Rozdział 43

116 22 13
                                    

Peter POV

Przed wejściem do pokoju, przyłożyłem ucho do drzwi, słysząc jedynie ciszę, wszedłem tam.

Podbiegłem do Jamesa, u którego jedynie kawałek dłoni był naturalnego koloru.

James POV

Podszedłem do mężczyzny, którego miałem opisanego, z opisu jakiś mniej niebezpieczny się wydawał.

Powolnie zmniejszałem odległość między nami, nie wiedziałem, co mam zrobić, bo to nie było opisane, w mężczyzna obok mnie nic mi nie mówił.

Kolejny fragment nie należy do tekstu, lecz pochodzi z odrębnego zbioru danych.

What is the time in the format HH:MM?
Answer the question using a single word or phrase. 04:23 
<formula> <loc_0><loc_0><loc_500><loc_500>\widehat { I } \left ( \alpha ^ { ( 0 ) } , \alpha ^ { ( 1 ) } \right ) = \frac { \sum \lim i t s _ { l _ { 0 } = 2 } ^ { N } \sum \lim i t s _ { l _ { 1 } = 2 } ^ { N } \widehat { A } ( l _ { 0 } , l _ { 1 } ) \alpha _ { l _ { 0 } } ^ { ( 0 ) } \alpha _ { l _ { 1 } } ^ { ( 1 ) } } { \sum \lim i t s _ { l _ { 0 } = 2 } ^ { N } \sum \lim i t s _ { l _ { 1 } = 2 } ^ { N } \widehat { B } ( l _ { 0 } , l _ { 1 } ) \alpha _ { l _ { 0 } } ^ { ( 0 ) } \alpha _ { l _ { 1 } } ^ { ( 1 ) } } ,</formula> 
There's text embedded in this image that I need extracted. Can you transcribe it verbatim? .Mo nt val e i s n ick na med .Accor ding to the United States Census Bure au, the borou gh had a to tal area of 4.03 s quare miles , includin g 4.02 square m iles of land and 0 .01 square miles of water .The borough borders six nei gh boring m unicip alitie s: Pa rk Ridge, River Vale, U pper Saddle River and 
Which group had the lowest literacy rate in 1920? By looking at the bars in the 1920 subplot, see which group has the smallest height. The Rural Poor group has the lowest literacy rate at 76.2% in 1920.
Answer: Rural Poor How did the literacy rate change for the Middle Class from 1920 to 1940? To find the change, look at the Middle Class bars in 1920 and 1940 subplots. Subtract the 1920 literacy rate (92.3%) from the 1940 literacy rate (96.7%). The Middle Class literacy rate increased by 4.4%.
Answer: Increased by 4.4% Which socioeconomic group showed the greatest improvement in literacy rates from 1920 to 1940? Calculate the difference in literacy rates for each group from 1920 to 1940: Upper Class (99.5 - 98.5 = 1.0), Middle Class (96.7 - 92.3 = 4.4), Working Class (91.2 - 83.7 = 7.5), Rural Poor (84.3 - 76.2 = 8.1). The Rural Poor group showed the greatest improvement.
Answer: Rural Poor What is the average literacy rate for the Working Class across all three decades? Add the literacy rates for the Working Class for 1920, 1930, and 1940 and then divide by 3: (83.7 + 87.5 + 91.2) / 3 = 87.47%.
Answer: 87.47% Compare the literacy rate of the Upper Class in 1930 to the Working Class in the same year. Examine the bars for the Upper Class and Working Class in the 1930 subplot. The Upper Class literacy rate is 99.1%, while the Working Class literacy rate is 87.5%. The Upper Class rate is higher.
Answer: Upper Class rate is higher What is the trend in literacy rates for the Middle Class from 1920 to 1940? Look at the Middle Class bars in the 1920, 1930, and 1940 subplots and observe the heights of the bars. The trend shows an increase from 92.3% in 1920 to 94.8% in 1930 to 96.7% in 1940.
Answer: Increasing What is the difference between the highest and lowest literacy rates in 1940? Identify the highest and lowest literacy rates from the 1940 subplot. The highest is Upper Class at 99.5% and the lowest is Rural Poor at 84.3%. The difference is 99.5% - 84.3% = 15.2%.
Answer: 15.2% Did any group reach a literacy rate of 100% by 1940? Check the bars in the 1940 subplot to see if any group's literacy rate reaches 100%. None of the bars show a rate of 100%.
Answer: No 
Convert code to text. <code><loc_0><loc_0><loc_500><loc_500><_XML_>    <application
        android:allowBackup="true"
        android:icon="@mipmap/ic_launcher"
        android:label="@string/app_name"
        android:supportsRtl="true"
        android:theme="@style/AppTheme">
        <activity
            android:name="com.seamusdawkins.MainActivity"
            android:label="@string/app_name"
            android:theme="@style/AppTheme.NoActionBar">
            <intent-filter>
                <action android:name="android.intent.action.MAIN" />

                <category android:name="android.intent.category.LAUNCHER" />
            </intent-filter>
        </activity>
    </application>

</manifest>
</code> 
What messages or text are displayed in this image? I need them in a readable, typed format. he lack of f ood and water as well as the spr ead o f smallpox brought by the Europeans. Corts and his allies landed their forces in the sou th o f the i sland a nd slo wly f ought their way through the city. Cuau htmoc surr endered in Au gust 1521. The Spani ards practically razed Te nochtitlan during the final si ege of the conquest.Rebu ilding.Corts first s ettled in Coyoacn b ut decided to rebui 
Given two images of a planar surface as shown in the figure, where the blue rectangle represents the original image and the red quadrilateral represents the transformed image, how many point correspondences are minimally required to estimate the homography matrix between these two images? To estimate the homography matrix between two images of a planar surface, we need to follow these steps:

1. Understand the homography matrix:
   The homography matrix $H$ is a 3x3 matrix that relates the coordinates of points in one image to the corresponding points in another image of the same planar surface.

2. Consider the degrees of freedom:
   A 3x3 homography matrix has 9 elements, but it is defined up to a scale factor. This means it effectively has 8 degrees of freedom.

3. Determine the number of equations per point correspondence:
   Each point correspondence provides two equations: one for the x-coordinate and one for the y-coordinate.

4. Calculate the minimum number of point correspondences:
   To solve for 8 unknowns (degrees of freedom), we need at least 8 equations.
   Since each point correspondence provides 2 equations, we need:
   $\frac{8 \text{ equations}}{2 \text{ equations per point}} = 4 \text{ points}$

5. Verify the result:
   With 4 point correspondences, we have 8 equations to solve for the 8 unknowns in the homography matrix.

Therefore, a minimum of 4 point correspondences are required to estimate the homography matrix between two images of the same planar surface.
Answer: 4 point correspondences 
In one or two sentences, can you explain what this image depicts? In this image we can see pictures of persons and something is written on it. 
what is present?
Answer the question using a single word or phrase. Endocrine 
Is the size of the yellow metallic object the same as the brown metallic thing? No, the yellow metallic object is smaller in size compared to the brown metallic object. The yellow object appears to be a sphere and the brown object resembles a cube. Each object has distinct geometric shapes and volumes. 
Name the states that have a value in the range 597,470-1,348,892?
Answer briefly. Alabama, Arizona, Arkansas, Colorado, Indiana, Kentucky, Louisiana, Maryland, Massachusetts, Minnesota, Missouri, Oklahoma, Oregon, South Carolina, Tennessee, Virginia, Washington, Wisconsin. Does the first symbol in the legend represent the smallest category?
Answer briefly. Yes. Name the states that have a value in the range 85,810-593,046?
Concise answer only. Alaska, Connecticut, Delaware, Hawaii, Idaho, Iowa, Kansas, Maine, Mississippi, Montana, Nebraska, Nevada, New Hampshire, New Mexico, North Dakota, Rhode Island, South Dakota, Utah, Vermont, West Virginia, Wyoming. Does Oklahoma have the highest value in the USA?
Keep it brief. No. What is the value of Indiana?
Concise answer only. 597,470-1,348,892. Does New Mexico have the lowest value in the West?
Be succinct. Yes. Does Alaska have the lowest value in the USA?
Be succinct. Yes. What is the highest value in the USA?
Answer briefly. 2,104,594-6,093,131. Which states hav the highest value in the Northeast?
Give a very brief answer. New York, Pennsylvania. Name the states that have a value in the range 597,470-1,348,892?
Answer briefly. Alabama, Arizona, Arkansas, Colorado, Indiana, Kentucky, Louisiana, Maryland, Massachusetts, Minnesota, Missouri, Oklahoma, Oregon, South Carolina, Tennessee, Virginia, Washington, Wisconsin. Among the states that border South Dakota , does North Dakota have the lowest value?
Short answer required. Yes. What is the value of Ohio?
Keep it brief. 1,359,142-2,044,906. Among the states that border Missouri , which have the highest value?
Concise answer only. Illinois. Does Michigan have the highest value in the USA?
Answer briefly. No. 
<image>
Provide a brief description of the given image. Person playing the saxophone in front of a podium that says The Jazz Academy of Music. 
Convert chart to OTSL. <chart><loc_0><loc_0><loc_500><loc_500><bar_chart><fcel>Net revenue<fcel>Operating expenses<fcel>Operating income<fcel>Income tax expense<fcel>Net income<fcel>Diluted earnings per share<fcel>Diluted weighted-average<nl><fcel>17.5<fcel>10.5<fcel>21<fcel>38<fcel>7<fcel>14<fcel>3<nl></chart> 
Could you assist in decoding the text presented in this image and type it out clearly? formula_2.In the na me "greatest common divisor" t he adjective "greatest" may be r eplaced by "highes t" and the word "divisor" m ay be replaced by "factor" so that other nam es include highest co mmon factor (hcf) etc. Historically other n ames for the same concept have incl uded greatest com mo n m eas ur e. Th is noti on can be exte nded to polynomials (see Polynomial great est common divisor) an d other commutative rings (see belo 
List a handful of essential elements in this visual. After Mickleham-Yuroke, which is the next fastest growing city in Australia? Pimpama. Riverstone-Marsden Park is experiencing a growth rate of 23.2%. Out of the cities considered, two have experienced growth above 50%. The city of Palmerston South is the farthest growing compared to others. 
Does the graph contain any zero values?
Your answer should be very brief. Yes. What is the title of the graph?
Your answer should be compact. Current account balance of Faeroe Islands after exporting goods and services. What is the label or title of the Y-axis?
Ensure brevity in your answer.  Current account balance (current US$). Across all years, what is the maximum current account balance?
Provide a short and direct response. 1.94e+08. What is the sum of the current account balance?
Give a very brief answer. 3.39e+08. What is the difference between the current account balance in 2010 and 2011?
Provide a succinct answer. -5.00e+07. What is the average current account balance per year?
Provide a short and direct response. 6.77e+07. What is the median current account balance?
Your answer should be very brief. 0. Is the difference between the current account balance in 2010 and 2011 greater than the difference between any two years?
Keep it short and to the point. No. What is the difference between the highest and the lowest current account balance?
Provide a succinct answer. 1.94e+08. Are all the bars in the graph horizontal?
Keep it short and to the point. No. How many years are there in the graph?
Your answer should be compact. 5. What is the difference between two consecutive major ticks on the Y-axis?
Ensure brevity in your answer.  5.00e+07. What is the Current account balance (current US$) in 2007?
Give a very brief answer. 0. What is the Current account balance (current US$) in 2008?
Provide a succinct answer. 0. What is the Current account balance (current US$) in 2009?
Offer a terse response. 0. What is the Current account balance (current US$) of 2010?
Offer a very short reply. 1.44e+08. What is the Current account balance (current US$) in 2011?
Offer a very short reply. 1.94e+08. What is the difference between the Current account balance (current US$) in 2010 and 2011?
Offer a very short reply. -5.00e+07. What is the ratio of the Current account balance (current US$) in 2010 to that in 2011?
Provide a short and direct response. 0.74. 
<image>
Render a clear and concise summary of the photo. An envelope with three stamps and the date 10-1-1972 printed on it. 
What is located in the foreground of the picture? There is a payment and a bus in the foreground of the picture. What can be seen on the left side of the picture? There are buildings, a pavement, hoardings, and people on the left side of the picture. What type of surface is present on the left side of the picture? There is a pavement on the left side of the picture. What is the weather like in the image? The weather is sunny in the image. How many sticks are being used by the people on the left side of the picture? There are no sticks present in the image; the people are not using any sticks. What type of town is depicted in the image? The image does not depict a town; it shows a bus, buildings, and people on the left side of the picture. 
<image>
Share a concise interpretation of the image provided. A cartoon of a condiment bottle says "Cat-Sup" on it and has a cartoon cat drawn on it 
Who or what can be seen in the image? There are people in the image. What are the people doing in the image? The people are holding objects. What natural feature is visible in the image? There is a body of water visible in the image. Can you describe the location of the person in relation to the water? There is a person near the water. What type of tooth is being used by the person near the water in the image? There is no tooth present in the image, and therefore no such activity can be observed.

Tylko kawałek mojego najdłuższego palca nie był niebieski.

Bałem się, że nie zdążę czegoś zrobić i sam umrę, więc stwierdziłem, że zrobię cokolwiek.

Peter POV

Ostatni kawałek dłoni Pottera, stał się niebieski, a później jego ciało powróciło do naturalnego koloru.

Jednak nie obudził się, czekałem na jeszcze chwile, ale to się nie stało.

To był koniec pierwszego z nas.

I w ten sposób zaczęliśmy się kończyć.

- Remus! - zawołałem do chłopaka, leżącego na swoim łóżku.

- Co? - odkrzyknął do mnie.

- On nie żyje - powiedziałem zdecydowanie ciszej.

Lupin szybko wstał z łóżka i podbiegł do mnie, jednak nic nie powiedział.

Bo co w tej sytuacji można powiedzieć?

Syriusz wszedł do pokoju, nie wiedząc o co chodzi, rzucił nam pytające spojrzenie, a ja szybko wyjaśniłem o co chodzi.

- Nowe zadanie - powiedział, przerywając niezręczną ciszę.

- Jakie? - spytałem od niechcenia.

Mój humor poprawiała jedynie myśl, że to już prawie koniec.

- Po Hogwarcie chodzi ktoś, kto nie jest uczniem, waszym zadaniem jest znaleźć te osobę i ją zabić. L

Nie jestem mordercą, nie mogę tego zrobić.

To było pierwsze o czym pomyślałem.

Później spojrzałem na resztę, Black nadal patrzył na list, a Lupin na Jamesa.

- Za dużo osób tu umiera - powiedział. - Najpierw Potter zginął, bo nie zdążył odzyskać trupa, a teraz my mamy stać się mordercami - powiedział niezbyt głośno, jednak bardzo wyraźnie.

- A ja zniszczyłem reputacje jakiemuś dzieciakami, dodając mu ten eliksir od gadania - wyznałem, wiedząc, że nawet nie ma podejścia do poprzednich sytuacji.

Chłopak powiedział zdecydowanie za dużo, nie mam pojęcia jak, ale mam nadzieje, że jakoś to innym wytłumaczy.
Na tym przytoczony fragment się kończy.